Search code examples
javahashmapgsonapache-flinkflink-streaming

Apache Flink: How do I use a stream of Java Map (or Map containing DTOs)?


I am using Flink and have a stream of JSON strings arriving in my system with dynamically changing fields and nested fields. So I can't mock and convert this incoming JSON as a static POJO and I have to rely on a Map instead.

My first transformation is to convert the JSON string stream into a Map object stream using GSON parsing and then I wrap the map in a DTO called Data.

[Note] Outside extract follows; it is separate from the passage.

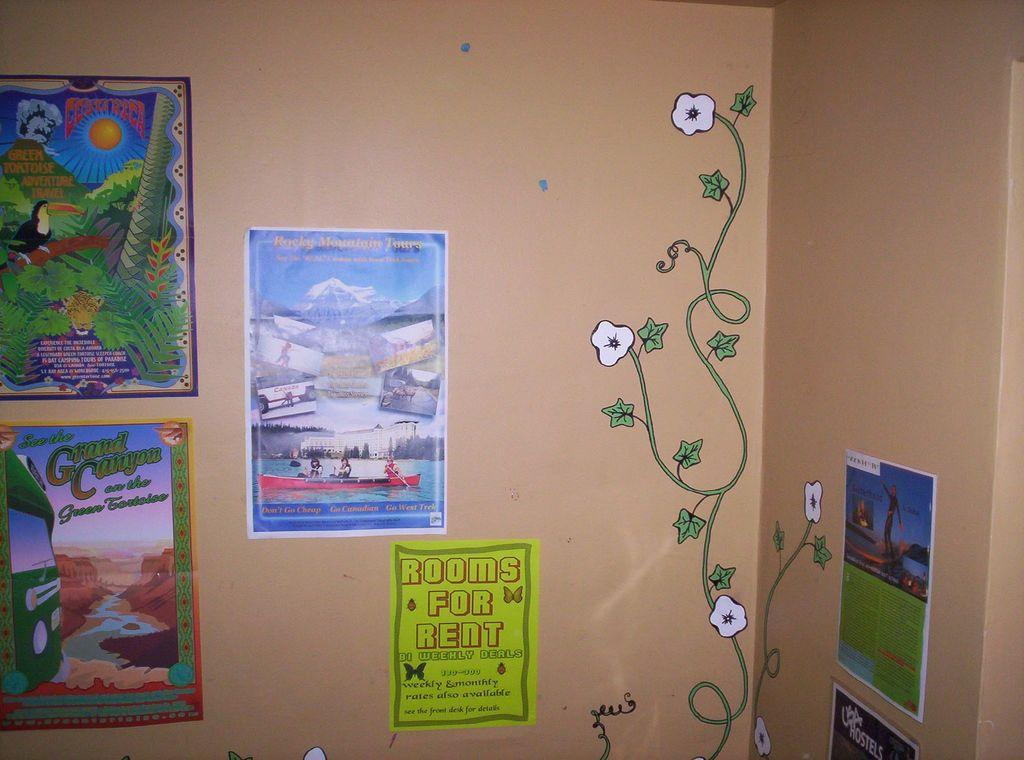Where was the image taken? The image was taken in a room. What can be seen in the front of the image? There is a wall in the front of the image. What is on the wall? There are multiple posters pasted on the wall and a drawing. What type of truck is parked in front of the wall in the image? There is no truck present in the image; it is taken inside a room with a wall and posters.

(inside the first map transformation)
LinkedTreeMap map = gson.fromJson(input, LinkedTreeMap.class);

Data data = new Data(map); // Data has getters, setters for the map and implements Serializable

Problem arises when right after this transformation processing, I attempt to feed the resultant stream into my custom Flink sink. The invoke function does not get called in the sink. The sink works however, if I change from this Map containing DTO to a primitive or a regular DTO with no Map.

My DTO looks like this:

public class FakeDTO {
    private String id;
    private LinkedTreeMap map; // com.google.gson.internal

    // getters and setters
    // constructors, empty and with fields

I have tried the two following solutions:

env.getConfig().addDefaultKryoSerializer(LinkedTreeMap.class,MapSerializer.class; 
env.getConfig().disableGenericTypes();

Any expert advise I could use in this situation?


Solution

  • I was able to resolve this issue. In my Flink logs I saw that one Kryo file called ReflectionSerializerFactory class was not being found. I updated the Kryo version in maven and use a Map type for my map which Flink documentation says Flink supports.

    Just make sure to have generic types specified in your code and add getters and setters inside your POJOs for Maps.

    I also use the .returns(xyz.class) type decleration to avoid the effects of Type Erasure.